NAVWAR headquarters in San Diego, California, is registered as an active superfund clean-up site by the EPA. In September 2014, more than 150 employees in the public affairs and engineering departments of SPAWAR's facility in the Old Town neighborhood had to be moved to other spaces within Old Town Campus to avoid toxic trichloroethylene (TCE) vapors. Soil and groundwater beneath the Naval site is contaminated with byproducts from World War II era missile and aircraft production. TCE is a volatile metal-cleaning agent. Since 2011, the Navy has been removing toxic waste, which has reduced TCE levels beneath the building. The Navy plans to complete its cleanup by 2018.

In October 2018, the Navy said it is planning to renovate or redevelop the Old Town site, and issued a Request for Interest to recruit possible private-sector partners in the endeavor.

===Leadership areas===
NIWC Pacific leads in the following areas:
- Command, control and communications systems
- Command, control and communications systems countermeasures
- Ocean surveillance systems
- Command, control and communications modeling and analysis
- Ocean engineering
- Navigation support
- Marine mammal operational systems
- Integration of space communications and surveillance

In addition, NIWC Pacific is involved in complementary areas of research including
- Ocean and littoral surveillance
- Microelectronics
- Communications and networking
- Ship topside design/antennas
- Command systems
- Computer technology
- Navigation and aircraft C3
- Intelligence/surveillance/reconnaissance sensors
- Atmospheric effects assessment
- Environmental quality assessment

===Major initiatives===
NIWC Pacific's major initiatives are:
- Enhanced Polar System (EPS)
- Enterprise Networks
- Cyber—including Cyber Security
- Mobile User Objective System (MUOS)
- C4ISR for UxVs—Autonomy
- Support to the Warfighter
- Networking on the Move
- Military Construction for (MILCON) C4I
- Unmanned Underwater Vehicles (UUV)
- Commander, Seventh Fleet (C7F)
- Consolidated Afloat Networks and Enterprise Services (CANES)

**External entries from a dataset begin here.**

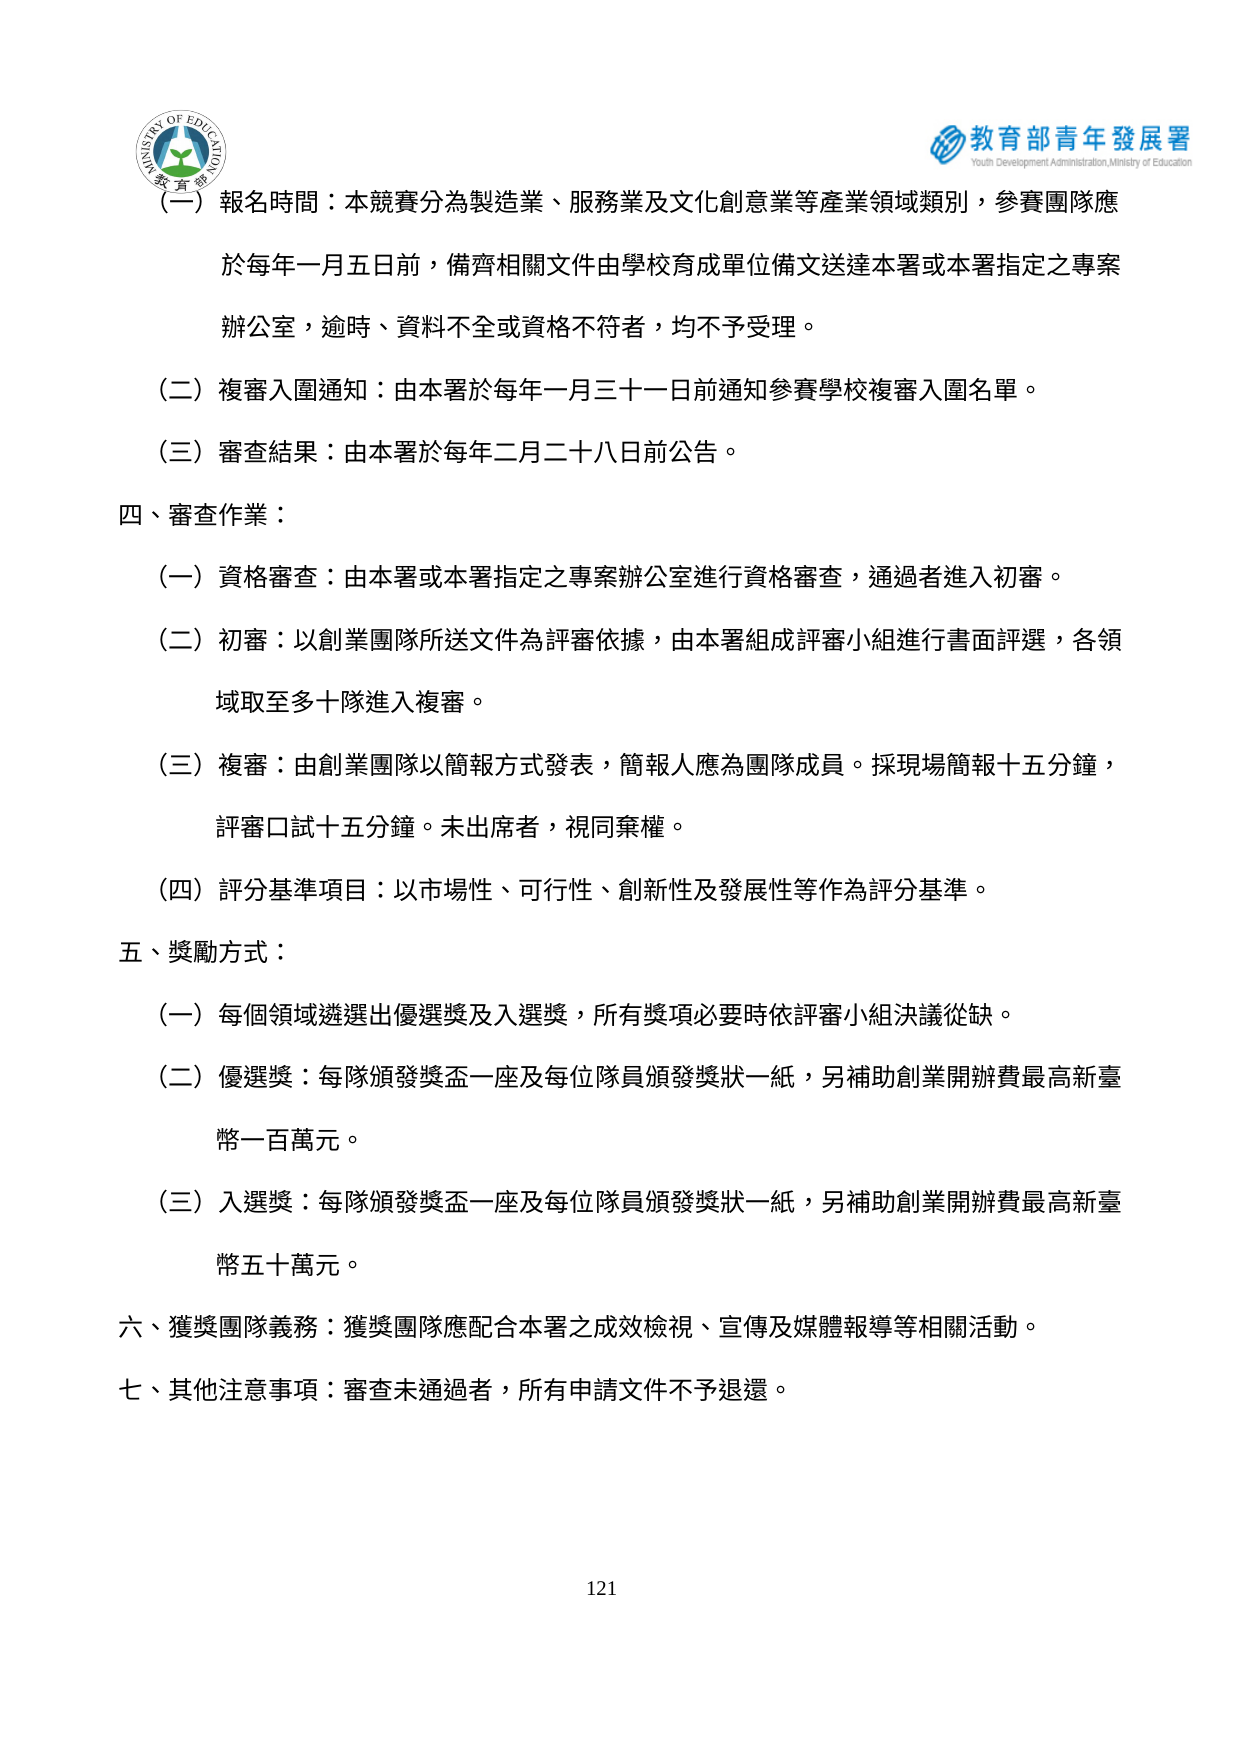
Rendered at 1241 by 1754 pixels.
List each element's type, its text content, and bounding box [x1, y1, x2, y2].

text 七、其他注意事項：審查未通過者，所有申請文件不予退還。 [118, 1347, 1122, 1409]
text （二）初審：以創業團隊所送文件為評審依據，由本署組成評審小組進行書面評選，各領域取至多十隊進入複審。 [143, 597, 1122, 722]
text 四、審查作業： [118, 472, 1122, 534]
text （一）資格審查：由本署或本署指定之專案辦公室進行資格審查，通過者進入初審。 [143, 534, 1122, 597]
text （三）審查結果：由本署於每年二月二十八日前公告。 [143, 409, 1122, 472]
text （一）報名時間：本競賽分為製造業、服務業及文化創意業等產業領域類別，參賽團隊應於每年一月五日前，備齊相關文件由學校育成單位備文送達本署或本署指定之專案辦公室，逾時、資料不全或資格不符者，均不予受理。 [144, 159, 1122, 347]
text 六、獲獎團隊義務：獲獎團隊應配合本署之成效檢視、宣傳及媒體報導等相關活動。 [118, 1284, 1158, 1347]
text （二）優選獎：每隊頒發獎盃一座及每位隊員頒發獎狀一紙，另補助創業開辦費最高新臺幣一百萬元。 [143, 1034, 1122, 1159]
text （二）複審入圍通知：由本署於每年一月三十一日前通知參賽學校複審入圍名單。 [143, 347, 1122, 409]
text （四）評分基準項目：以市場性、可行性、創新性及發展性等作為評分基準。 [143, 847, 1122, 909]
text （一）每個領域遴選出優選獎及入選獎，所有獎項必要時依評審小組決議從缺。 [143, 972, 1122, 1034]
text （三）入選獎：每隊頒發獎盃一座及每位隊員頒發獎狀一紙，另補助創業開辦費最高新臺幣五十萬元。 [143, 1159, 1122, 1284]
text 五、獎勵方式： [118, 909, 1122, 972]
text （三）複審：由創業團隊以簡報方式發表，簡報人應為團隊成員。採現場簡報十五分鐘，評審口試十五分鐘。未出席者，視同棄權。 [143, 722, 1122, 847]

NIWC Pacific is located close to major operational commands of air, surface, submarine, and special operations Naval forces, as well as air, expeditionary, and electronic components of the U.S. Marine Corps. This support extends into the Pacific, with a SPAWAR Systems Activity in Hawaii supporting U.S. Pacific Command (PACOM) and U.S. Pacific Fleet (PACFLT), as well as facilities in Guam and Japan supporting U.S. Seventh Fleet (C7F).

===Other activities===
NIWC Pacific, formerly SSC Pacific, has been the host of the Association for Unmanned Vehicle Systems International annual Autonomous Underwater Vehicle competition since 2002.